* **WHAT TO DO**
Exactly reproduce the entries, dropping any pictures from your copy.

Records from a data source:
-.-.-

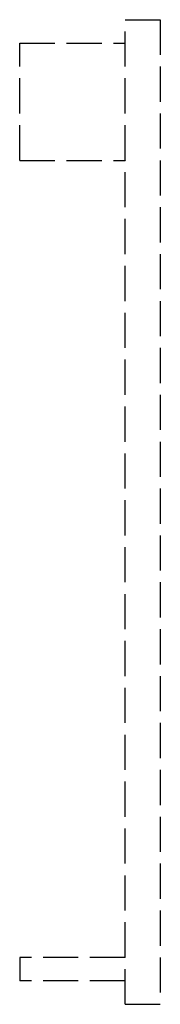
# Model space of a CAD drawing. Header units: millimetres. Extents: x -4.5 to 1.5, y 0 to 42.
import ezdxf

# ---------------------------------------------------------------- set-up
doc = ezdxf.new("R2010")
doc.units = ezdxf.units.MM
doc.header["$LTSCALE"] = 10
doc.linetypes.add('ALLCAD_Strich', pattern=[0.2, 0.15, -0.05])
doc.layers.add('BESCH_KONT_sich_schn_seit_2d', color=160, linetype='Continuous')

msp = doc.modelspace()

# ---------------------------------------------------------------- linework, layer by layer
at = {"layer": 'BESCH_KONT_sich_schn_seit_2d', "linetype": 'ALLCAD_Strich', "extrusion": (-1.09476e-47, 1, -2.22045e-16)}
for p, q in [((0, 0, 13.5), (0, 42, 13.5)), ((0, 42, 13.5), (1.5, 42, 13.5)), ((1.5, 42, 13.5), (1.5, 0, 13.5)), ((-4.5, 41, 13.5), (0, 41, 13.5)), ((-4.5, 36, 13.5), (-4.5, 41, 13.5)), ((-4.5, 36, 13.5), (0, 36, 13.5)), ((-0.02, 36.005, 13.5), (-0.02, 36.003, 13.5)), ((-0.018, 36.003, 13.5), (-0.018, 36.005, 13.5)), ((-0.017, 36.008, 13.5), (-0.017, 36.008, 13.5)), ((-0.017, 36.007, 13.5), (-0.017, 36.007, 13.5)), ((-0.017, 36.002, 13.5), (-0.017, 36.002, 13.5)), ((-0.016, 36.005, 13.5), (-0.016, 36.003, 13.5)), ((-0.014, 36.003, 13.5), (-0.014, 36.005, 13.5)), ((-0.013, 36.006, 13.5), (-0.013, 36.005, 13.5)), ((-0.007, 36.008, 13.5), (-0.011, 36.008, 13.5)), ((-0.011, 36.005, 13.5), (-0.011, 36.005, 13.5)), ((-0.011, 36.003, 13.5), (-0.009, 36.003, 13.5)), ((-0.01, 36.006, 13.5), (-0.009, 36.006, 13.5)), ((-0.009, 36.004, 13.5), (-0.01, 36.004, 13.5)), ((-0.009, 36.006, 13.5), (-0.009, 36.004, 13.5)), ((-0.009, 36.003, 13.5), (-0.009, 36, 13.5)), ((-0.009, 36, 13.5), (-0.007, 36, 13.5)), ((-0.007, 36, 13.5), (-0.007, 36.008, 13.5)), ((-0.006, 36.005, 13.5), (-0.006, 36.003, 13.5)), ((-0.004, 36.003, 13.5), (-0.004, 36.005, 13.5)), ((-0.003, 36.008, 13.5), (-0.003, 36.008, 13.5)), ((-0.003, 36.007, 13.5), (-0.003, 36.007, 13.5)), ((-0.003, 36.002, 13.5), (-0.003, 36.002, 13.5)), ((-0.002, 36.005, 13.5), (-0.002, 36.003, 13.5)), ((0, 2, 13.5), (-4.5, 2, 13.5)), ((-4.5, 2, 13.5), (-4.5, 1, 13.5)), ((0, 1, 13.5), (-4.5, 1, 13.5)), ((0, 0, 13.5), (1.5, 0, 13.5))]:
    msp.add_line(p, q, dxfattribs=at)
at = {"layer": 'BESCH_KONT_sich_schn_seit_2d', "linetype": 'ALLCAD_Strich'}
for centre, radius, start, end in [((-0.017, 36.005, 13.5), 0.00271, 90, 180), ((-0.017, 36.003, 13.5), 0.00271, 180, 270), ((-0.017, 36.005, 13.5), 0.00271, 360, 90), ((-0.017, 36.003, 13.5), 0.00271, 270, 0), ((-0.011, 36.006, 13.5), 0.00217, 90, 180), ((-0.011, 36.005, 13.5), 0.00217, 180, 270), ((-0.003, 36.005, 13.5), 0.00271, 90, 180), ((-0.003, 36.003, 13.5), 0.00271, 180, 270), ((-0.003, 36.005, 13.5), 0.00271, 360, 90), ((-0.003, 36.003, 13.5), 0.00271, 270, 0)]:
    msp.add_arc(centre, radius, start, end, dxfattribs=at)
at = {"layer": 'BESCH_KONT_sich_schn_seit_2d', "linetype": 'ALLCAD_Strich', "extrusion": (-2.22045e-16, -2.22045e-16, -1)}
for centre, radius, start, end in [((0.017, 36.005, -13.5), 0.00116, 360, 90), ((0.017, 36.003, -13.5), 0.00116, 270, 0), ((0.017, 36.005, -13.5), 0.00116, 90, 180), ((0.017, 36.003, -13.5), 0.00116, 180, 270), ((0.01, 36.005, -13.5), 0.00093, 360, 90), ((0.01, 36.005, -13.5), 0.00093, 270, 0), ((0.003, 36.005, -13.5), 0.00116, 360, 90), ((0.003, 36.003, -13.5), 0.00116, 270, 0), ((0.003, 36.005, -13.5), 0.00116, 90, 180), ((0.003, 36.003, -13.5), 0.00116, 180, 270)]:
    msp.add_arc(centre, radius, start, end, dxfattribs=at)

doc.saveas('drawing.dxf')

-.-.-

* **REPLY TO THE EXERCISE**
# Model space of a CAD drawing. Header units: millimetres. Extents: x -4.5 to 1.5, y 0 to 42.
import ezdxf

# ---------------------------------------------------------------- set-up
doc = ezdxf.new("R2010")
doc.units = ezdxf.units.MM
doc.header["$LTSCALE"] = 10
doc.linetypes.add('ALLCAD_Strich', pattern=[0.2, 0.15, -0.05])
doc.layers.add('BESCH_KONT_sich_schn_seit_2d', color=160, linetype='Continuous')

msp = doc.modelspace()

# ---------------------------------------------------------------- linework, layer by layer
at = {"layer": 'BESCH_KONT_sich_schn_seit_2d', "linetype": 'ALLCAD_Strich', "extrusion": (-1.09476e-47, 1, -2.22045e-16)}
for p, q in [((0, 0, 13.5), (0, 42, 13.5)), ((0, 42, 13.5), (1.5, 42, 13.5)), ((1.5, 42, 13.5), (1.5, 0, 13.5)), ((-4.5, 41, 13.5), (0, 41, 13.5)), ((-4.5, 36, 13.5), (-4.5, 41, 13.5)), ((-4.5, 36, 13.5), (0, 36, 13.5)), ((-0.02, 36.005, 13.5), (-0.02, 36.003, 13.5)), ((-0.018, 36.003, 13.5), (-0.018, 36.005, 13.5)), ((-0.017, 36.008, 13.5), (-0.017, 36.008, 13.5)), ((-0.017, 36.007, 13.5), (-0.017, 36.007, 13.5)), ((-0.017, 36.002, 13.5), (-0.017, 36.002, 13.5)), ((-0.016, 36.005, 13.5), (-0.016, 36.003, 13.5)), ((-0.014, 36.003, 13.5), (-0.014, 36.005, 13.5)), ((-0.013, 36.006, 13.5), (-0.013, 36.005, 13.5)), ((-0.007, 36.008, 13.5), (-0.011, 36.008, 13.5)), ((-0.011, 36.005, 13.5), (-0.011, 36.005, 13.5)), ((-0.011, 36.003, 13.5), (-0.009, 36.003, 13.5)), ((-0.01, 36.006, 13.5), (-0.009, 36.006, 13.5)), ((-0.009, 36.004, 13.5), (-0.01, 36.004, 13.5)), ((-0.009, 36.006, 13.5), (-0.009, 36.004, 13.5)), ((-0.009, 36.003, 13.5), (-0.009, 36, 13.5)), ((-0.009, 36, 13.5), (-0.007, 36, 13.5)), ((-0.007, 36, 13.5), (-0.007, 36.008, 13.5)), ((-0.006, 36.005, 13.5), (-0.006, 36.003, 13.5)), ((-0.004, 36.003, 13.5), (-0.004, 36.005, 13.5)), ((-0.003, 36.008, 13.5), (-0.003, 36.008, 13.5)), ((-0.003, 36.007, 13.5), (-0.003, 36.007, 13.5)), ((-0.003, 36.002, 13.5), (-0.003, 36.002, 13.5)), ((-0.002, 36.005, 13.5), (-0.002, 36.003, 13.5)), ((0, 2, 13.5), (-4.5, 2, 13.5)), ((-4.5, 2, 13.5), (-4.5, 1, 13.5)), ((0, 1, 13.5), (-4.5, 1, 13.5)), ((0, 0, 13.5), (1.5, 0, 13.5))]:
    msp.add_line(p, q, dxfattribs=at)
at = {"layer": 'BESCH_KONT_sich_schn_seit_2d', "linetype": 'ALLCAD_Strich'}
for centre, radius, start, end in [((-0.017, 36.005, 13.5), 0.00271, 90, 180), ((-0.017, 36.003, 13.5), 0.00271, 180, 270), ((-0.017, 36.005, 13.5), 0.00271, 360, 90), ((-0.017, 36.003, 13.5), 0.00271, 270, 0), ((-0.011, 36.006, 13.5), 0.00217, 90, 180), ((-0.011, 36.005, 13.5), 0.00217, 180, 270), ((-0.003, 36.005, 13.5), 0.00271, 90, 180), ((-0.003, 36.003, 13.5), 0.00271, 180, 270), ((-0.003, 36.005, 13.5), 0.00271, 360, 90), ((-0.003, 36.003, 13.5), 0.00271, 270, 0)]:
    msp.add_arc(centre, radius, start, end, dxfattribs=at)
at = {"layer": 'BESCH_KONT_sich_schn_seit_2d', "linetype": 'ALLCAD_Strich', "extrusion": (-2.22045e-16, -2.22045e-16, -1)}
for centre, radius, start, end in [((0.017, 36.005, -13.5), 0.00116, 360, 90), ((0.017, 36.003, -13.5), 0.00116, 270, 0), ((0.017, 36.005, -13.5), 0.00116, 90, 180), ((0.017, 36.003, -13.5), 0.00116, 180, 270), ((0.01, 36.005, -13.5), 0.00093, 360, 90), ((0.01, 36.005, -13.5), 0.00093, 270, 0), ((0.003, 36.005, -13.5), 0.00116, 360, 90), ((0.003, 36.003, -13.5), 0.00116, 270, 0), ((0.003, 36.005, -13.5), 0.00116, 90, 180), ((0.003, 36.003, -13.5), 0.00116, 180, 270)]:
    msp.add_arc(centre, radius, start, end, dxfattribs=at)

doc.saveas('drawing.dxf')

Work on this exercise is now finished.